# 1. Handling Missing Values and Scaling Numerical Features

In [21]:
from pyspark.sql import SparkSession
from pyspark.ml.feature import VectorAssembler, StandardScaler
from pyspark.ml.feature import Imputer

# Create Spark session
spark = SparkSession.builder.appName("DataPreprocessing").getOrCreate()

# Load data
data = spark.read.csv("data1.csv", header=True, inferSchema=True)

# Handle missing values using Imputer
imputer = Imputer(inputCols=data.columns, outputCols=[f"{col}_imputed" for col in data.columns])
data_imputed = imputer.fit(data).transform(data)

# Assemble features into a vector
feature_cols = [f"{col}_imputed" for col in data.columns]  # Use imputed columns
assembler = VectorAssembler(inputCols=feature_cols, outputCol="features")
data_vector = assembler.transform(data_imputed)

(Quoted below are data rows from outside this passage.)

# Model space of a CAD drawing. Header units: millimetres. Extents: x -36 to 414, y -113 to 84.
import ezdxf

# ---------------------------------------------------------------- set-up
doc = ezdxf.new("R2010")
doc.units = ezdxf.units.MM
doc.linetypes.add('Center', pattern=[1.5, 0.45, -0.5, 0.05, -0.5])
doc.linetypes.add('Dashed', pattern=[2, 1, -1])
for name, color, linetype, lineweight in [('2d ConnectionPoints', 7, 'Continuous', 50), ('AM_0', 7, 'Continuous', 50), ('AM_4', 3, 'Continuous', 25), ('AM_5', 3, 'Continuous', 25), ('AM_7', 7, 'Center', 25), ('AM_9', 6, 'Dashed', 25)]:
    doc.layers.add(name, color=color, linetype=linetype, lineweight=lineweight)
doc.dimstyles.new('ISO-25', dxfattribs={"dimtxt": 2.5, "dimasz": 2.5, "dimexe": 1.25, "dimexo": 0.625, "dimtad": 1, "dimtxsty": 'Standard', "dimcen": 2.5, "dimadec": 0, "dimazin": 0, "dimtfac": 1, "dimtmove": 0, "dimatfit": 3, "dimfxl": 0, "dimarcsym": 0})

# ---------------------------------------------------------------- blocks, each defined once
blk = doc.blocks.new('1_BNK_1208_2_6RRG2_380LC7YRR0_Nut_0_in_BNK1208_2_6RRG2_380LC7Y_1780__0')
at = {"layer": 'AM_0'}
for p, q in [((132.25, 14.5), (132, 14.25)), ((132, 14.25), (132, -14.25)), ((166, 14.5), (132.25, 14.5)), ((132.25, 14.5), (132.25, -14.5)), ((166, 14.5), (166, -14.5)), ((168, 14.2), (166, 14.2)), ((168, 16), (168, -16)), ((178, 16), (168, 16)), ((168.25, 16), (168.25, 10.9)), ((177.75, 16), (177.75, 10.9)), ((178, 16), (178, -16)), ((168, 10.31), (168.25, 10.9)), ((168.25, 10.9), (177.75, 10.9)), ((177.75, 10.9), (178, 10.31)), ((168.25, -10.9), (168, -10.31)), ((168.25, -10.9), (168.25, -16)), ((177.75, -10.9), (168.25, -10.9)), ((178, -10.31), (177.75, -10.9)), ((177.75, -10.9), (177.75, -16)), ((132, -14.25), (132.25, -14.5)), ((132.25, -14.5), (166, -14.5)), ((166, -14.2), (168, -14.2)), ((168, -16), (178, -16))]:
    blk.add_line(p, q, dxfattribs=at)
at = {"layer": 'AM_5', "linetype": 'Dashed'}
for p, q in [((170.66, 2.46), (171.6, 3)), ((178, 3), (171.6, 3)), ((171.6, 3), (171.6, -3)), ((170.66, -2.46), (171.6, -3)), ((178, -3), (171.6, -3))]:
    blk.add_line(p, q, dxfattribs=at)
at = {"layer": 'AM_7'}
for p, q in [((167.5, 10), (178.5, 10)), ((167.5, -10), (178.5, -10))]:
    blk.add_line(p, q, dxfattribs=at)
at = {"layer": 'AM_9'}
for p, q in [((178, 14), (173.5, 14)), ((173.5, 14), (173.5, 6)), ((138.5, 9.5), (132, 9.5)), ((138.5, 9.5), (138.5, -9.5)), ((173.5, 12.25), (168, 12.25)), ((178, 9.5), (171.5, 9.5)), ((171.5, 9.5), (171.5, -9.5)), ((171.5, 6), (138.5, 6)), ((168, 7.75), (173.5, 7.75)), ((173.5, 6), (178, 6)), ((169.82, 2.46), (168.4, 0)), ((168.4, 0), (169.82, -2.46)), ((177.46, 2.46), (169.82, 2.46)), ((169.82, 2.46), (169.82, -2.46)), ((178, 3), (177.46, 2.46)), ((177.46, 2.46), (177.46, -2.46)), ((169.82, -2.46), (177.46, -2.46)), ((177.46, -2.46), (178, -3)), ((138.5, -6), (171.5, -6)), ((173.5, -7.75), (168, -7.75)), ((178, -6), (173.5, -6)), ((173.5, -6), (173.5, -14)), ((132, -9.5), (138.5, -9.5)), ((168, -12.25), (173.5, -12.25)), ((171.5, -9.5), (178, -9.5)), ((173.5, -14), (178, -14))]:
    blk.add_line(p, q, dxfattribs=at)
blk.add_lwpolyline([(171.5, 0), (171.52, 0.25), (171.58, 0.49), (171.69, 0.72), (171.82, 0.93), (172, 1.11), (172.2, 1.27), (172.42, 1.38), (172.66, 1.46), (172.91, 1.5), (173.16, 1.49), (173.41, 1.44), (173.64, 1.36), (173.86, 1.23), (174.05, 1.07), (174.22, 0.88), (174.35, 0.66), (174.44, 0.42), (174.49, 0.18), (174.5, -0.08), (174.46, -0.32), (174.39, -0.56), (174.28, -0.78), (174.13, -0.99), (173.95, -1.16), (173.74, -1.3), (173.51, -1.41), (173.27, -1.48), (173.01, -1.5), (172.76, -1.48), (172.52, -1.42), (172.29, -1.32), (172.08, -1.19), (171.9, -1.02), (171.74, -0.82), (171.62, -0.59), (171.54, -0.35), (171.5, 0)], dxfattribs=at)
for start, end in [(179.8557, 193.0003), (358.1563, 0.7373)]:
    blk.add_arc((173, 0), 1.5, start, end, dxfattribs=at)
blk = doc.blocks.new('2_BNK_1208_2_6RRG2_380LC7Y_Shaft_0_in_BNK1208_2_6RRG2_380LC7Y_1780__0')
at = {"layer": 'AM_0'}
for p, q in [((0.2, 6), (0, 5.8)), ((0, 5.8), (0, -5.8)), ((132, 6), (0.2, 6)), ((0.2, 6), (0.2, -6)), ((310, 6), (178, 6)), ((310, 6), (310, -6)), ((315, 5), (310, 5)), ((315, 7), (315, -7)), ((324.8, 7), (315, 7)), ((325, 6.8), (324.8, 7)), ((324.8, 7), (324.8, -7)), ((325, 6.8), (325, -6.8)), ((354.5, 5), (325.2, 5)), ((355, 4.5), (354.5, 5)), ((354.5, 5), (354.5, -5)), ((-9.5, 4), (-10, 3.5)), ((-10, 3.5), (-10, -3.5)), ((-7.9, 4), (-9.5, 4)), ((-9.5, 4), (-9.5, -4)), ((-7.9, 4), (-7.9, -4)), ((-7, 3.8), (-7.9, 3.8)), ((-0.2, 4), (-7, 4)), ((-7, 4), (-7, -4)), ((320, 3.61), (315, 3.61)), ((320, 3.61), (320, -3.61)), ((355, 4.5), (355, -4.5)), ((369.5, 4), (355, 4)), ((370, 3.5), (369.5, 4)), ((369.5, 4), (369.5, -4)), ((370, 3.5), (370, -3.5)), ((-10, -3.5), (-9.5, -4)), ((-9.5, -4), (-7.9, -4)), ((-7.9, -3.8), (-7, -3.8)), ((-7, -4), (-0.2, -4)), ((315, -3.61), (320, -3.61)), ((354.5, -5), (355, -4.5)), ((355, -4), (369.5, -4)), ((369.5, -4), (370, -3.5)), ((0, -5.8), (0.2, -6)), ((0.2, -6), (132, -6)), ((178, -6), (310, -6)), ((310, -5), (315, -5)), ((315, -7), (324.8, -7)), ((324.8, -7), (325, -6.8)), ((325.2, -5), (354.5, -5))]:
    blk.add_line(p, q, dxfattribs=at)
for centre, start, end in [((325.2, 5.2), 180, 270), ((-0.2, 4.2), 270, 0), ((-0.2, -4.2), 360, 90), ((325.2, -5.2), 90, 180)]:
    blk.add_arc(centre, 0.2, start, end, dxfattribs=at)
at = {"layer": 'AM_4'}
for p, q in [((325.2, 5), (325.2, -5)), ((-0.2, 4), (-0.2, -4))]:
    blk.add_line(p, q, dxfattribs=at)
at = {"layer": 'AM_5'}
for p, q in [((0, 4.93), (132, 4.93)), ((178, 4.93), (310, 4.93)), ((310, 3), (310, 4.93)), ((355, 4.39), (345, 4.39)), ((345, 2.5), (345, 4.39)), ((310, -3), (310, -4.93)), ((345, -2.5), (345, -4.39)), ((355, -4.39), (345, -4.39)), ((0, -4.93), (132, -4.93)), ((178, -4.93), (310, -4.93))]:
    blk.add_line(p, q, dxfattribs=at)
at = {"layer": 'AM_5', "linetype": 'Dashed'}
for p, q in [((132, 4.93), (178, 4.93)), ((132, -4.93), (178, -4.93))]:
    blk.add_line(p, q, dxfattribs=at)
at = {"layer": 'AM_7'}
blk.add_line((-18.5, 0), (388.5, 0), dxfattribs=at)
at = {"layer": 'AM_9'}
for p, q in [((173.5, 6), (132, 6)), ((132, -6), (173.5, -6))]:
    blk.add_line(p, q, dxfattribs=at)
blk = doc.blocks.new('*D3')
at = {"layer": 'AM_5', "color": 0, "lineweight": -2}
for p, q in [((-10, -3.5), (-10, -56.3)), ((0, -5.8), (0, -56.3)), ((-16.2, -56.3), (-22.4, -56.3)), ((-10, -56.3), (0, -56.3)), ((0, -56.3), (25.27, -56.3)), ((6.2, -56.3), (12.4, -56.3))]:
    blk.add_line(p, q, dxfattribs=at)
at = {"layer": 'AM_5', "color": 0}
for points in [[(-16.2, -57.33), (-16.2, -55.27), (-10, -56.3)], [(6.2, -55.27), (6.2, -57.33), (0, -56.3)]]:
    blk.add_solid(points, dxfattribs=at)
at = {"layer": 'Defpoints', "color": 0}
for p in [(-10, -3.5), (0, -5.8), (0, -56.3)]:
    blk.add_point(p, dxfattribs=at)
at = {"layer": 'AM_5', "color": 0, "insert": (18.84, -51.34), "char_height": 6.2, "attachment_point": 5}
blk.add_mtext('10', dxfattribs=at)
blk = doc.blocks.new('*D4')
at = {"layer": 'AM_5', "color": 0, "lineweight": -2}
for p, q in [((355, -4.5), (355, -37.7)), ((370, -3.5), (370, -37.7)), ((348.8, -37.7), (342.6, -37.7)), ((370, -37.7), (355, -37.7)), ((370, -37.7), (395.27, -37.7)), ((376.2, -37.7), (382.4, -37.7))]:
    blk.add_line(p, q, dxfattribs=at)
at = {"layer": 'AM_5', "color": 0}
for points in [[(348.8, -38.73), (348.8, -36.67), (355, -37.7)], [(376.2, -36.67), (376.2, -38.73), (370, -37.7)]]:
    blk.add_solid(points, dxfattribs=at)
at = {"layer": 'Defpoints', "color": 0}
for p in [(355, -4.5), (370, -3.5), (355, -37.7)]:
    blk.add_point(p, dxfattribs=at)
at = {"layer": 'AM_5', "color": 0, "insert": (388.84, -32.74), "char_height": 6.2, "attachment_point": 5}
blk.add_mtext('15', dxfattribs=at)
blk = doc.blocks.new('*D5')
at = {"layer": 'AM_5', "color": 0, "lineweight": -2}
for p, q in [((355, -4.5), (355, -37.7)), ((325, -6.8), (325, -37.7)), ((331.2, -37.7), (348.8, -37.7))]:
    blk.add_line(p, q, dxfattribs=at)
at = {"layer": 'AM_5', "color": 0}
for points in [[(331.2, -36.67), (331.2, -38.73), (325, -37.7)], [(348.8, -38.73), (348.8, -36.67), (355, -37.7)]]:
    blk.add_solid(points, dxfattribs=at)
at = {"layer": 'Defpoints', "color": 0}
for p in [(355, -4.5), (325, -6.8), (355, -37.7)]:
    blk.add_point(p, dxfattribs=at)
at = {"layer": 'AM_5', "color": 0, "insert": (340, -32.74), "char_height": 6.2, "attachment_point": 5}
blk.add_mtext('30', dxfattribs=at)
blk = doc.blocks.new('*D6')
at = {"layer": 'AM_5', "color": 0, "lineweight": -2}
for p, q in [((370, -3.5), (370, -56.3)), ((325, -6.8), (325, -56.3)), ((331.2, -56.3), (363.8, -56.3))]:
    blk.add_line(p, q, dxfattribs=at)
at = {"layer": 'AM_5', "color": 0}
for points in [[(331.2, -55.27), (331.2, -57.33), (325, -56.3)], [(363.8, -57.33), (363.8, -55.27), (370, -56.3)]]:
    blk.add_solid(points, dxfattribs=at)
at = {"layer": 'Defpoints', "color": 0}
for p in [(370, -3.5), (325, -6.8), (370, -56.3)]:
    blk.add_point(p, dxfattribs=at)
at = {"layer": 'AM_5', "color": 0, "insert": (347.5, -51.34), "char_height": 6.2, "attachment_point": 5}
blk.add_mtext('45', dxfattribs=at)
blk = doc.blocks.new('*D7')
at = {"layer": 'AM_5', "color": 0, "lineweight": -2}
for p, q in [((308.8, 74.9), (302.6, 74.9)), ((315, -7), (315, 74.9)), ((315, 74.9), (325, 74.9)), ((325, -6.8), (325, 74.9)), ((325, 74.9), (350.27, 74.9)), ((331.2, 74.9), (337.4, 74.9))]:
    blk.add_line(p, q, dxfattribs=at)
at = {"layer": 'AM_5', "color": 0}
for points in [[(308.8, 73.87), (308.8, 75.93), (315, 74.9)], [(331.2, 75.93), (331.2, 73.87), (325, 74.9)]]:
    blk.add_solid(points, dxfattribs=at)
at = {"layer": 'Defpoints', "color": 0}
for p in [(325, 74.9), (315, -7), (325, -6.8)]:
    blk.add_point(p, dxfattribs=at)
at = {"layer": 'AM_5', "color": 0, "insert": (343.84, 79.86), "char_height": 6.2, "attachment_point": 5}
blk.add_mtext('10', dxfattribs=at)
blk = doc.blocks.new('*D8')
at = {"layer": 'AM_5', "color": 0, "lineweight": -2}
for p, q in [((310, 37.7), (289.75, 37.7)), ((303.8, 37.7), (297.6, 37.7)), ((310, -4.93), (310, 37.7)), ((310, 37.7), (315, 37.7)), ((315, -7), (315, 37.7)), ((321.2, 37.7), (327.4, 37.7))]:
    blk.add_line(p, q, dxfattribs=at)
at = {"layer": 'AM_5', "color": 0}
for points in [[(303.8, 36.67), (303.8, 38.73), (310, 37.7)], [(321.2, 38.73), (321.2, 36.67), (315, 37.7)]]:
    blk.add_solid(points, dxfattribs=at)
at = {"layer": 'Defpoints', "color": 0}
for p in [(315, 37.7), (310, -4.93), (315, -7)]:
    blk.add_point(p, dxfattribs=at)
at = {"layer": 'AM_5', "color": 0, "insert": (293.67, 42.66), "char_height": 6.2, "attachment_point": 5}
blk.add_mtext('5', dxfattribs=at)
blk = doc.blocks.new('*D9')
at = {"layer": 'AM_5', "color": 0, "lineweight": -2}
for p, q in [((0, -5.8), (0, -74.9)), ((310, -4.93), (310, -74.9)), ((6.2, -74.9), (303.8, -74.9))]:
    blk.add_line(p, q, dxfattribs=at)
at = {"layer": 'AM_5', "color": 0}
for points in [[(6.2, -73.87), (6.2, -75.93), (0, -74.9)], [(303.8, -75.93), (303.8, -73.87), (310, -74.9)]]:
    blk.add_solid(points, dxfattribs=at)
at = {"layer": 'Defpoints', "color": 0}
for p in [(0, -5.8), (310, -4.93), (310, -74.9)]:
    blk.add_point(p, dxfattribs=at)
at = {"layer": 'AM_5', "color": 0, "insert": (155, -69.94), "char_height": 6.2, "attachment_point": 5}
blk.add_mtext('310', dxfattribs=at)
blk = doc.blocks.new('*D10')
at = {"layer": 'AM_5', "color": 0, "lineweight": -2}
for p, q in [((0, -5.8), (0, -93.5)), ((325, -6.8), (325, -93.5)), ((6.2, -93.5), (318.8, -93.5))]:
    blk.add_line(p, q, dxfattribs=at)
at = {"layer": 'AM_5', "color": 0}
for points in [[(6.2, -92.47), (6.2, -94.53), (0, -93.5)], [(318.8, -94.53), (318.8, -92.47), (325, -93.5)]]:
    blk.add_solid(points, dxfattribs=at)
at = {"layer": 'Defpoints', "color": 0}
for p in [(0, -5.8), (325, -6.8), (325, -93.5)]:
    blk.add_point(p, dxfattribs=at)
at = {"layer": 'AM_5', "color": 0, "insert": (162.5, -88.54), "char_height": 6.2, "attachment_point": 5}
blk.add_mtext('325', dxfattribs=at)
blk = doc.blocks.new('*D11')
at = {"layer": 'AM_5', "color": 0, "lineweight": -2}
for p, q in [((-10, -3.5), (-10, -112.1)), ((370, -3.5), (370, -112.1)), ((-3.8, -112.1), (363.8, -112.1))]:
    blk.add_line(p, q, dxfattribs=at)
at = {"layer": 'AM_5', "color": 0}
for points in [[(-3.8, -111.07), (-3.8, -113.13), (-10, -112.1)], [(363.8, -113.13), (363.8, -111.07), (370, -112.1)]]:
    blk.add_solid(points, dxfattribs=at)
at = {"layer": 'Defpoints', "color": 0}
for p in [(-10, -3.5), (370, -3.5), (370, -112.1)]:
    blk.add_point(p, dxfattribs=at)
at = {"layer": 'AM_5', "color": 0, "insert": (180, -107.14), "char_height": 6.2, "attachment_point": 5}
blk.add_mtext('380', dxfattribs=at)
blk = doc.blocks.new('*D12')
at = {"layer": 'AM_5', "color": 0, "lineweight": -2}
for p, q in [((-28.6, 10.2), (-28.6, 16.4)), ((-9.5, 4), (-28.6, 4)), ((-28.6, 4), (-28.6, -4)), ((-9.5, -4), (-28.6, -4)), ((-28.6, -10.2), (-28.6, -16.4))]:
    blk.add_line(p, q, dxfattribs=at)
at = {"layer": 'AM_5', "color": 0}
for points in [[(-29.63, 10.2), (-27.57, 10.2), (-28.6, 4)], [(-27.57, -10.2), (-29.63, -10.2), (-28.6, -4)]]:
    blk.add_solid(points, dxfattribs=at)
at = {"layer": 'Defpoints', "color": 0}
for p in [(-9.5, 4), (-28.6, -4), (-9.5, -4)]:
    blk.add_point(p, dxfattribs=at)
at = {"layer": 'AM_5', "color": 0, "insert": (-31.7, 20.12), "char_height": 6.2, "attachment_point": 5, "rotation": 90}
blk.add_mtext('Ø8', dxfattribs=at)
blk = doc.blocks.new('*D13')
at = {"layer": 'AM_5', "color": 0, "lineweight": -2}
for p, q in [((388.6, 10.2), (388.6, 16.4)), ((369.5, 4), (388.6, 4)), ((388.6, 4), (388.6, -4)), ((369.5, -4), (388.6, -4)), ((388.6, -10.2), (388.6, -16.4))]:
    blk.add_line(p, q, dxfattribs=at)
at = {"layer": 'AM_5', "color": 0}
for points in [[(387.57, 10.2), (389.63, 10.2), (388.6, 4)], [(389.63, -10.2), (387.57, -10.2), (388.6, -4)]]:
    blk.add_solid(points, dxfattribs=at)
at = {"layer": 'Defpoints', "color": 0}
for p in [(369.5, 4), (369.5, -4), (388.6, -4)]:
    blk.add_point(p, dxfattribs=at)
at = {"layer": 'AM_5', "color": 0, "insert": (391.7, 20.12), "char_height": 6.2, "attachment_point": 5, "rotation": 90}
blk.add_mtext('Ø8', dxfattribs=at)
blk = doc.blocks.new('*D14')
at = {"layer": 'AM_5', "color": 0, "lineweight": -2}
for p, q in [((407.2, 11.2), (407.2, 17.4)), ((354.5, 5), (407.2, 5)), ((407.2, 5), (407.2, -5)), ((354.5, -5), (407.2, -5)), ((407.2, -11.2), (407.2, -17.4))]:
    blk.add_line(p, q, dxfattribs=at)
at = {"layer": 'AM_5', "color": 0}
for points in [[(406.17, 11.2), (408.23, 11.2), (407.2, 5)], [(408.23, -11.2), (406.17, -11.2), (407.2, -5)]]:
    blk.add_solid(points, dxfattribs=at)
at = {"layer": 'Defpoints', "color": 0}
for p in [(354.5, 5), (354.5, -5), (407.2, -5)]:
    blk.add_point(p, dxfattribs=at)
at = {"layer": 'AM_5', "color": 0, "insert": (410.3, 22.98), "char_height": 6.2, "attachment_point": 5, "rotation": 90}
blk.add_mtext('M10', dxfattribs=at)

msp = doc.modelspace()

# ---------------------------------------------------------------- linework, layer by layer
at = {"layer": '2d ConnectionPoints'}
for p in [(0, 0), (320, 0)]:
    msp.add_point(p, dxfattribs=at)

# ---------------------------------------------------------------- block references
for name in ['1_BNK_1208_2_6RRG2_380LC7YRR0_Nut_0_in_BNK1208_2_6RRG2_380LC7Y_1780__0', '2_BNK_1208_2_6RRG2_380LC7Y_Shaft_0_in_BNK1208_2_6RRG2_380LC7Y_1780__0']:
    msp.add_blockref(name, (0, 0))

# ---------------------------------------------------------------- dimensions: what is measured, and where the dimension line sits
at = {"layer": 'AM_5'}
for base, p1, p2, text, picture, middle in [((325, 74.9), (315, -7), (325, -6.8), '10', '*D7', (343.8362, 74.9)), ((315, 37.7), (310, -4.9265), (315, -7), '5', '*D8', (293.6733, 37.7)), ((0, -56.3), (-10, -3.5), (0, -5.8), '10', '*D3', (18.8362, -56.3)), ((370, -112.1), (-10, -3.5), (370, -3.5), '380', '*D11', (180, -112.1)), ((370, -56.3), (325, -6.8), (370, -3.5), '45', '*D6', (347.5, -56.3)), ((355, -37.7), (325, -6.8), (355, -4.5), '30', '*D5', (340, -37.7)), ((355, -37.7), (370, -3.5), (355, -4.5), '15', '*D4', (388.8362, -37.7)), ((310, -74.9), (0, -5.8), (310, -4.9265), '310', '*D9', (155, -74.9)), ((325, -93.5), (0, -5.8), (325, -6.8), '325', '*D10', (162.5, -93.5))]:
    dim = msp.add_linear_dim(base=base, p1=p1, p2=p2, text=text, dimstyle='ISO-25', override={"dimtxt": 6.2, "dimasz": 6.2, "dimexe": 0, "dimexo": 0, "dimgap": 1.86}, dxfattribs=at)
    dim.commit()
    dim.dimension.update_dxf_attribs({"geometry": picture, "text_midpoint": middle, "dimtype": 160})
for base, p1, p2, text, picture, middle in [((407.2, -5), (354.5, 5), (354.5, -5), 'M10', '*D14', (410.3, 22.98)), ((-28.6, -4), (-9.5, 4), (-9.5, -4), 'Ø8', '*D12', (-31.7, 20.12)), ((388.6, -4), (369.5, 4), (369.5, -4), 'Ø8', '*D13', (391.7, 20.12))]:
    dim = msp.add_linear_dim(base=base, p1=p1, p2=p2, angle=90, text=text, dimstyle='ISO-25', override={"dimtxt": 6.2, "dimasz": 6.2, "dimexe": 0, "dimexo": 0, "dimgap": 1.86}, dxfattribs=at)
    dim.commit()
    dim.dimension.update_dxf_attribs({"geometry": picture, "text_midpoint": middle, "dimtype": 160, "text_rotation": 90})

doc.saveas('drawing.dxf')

# Scale numerical features
scaler = StandardScaler(inputCol="features", outputCol="scaled_features", withMean=True, withStd=True)
scaler_model = scaler.fit(data_vector)
data_scaled = scaler_model.transform(data_vector)

# Show the result
data_scaled.select("scaled_features").show()


+--------------------+
|     scaled_features|
+--------------------+
|[-1.4605934866804...|
|[-1.0954451150103...|
|[-0.7302967433402...|
|[-0.3651483716701...|
|[0.0,-1.286034203...|
|[0.36514837167011...|
|[0.73029674334022...|
|[1.09544511501033...|
|[1.46059348668044...|
+--------------------+



# 2. K-means Clustering

In [13]:
from pyspark.ml.clustering import KMeans

# Set the number of clusters
num_clusters = 3

# Train K-means model
kmeans = KMeans(featuresCol="scaled_features", k=num_clusters)
model = kmeans.fit(data_scaled)

# Make predictions
predictions = model.transform(data_scaled)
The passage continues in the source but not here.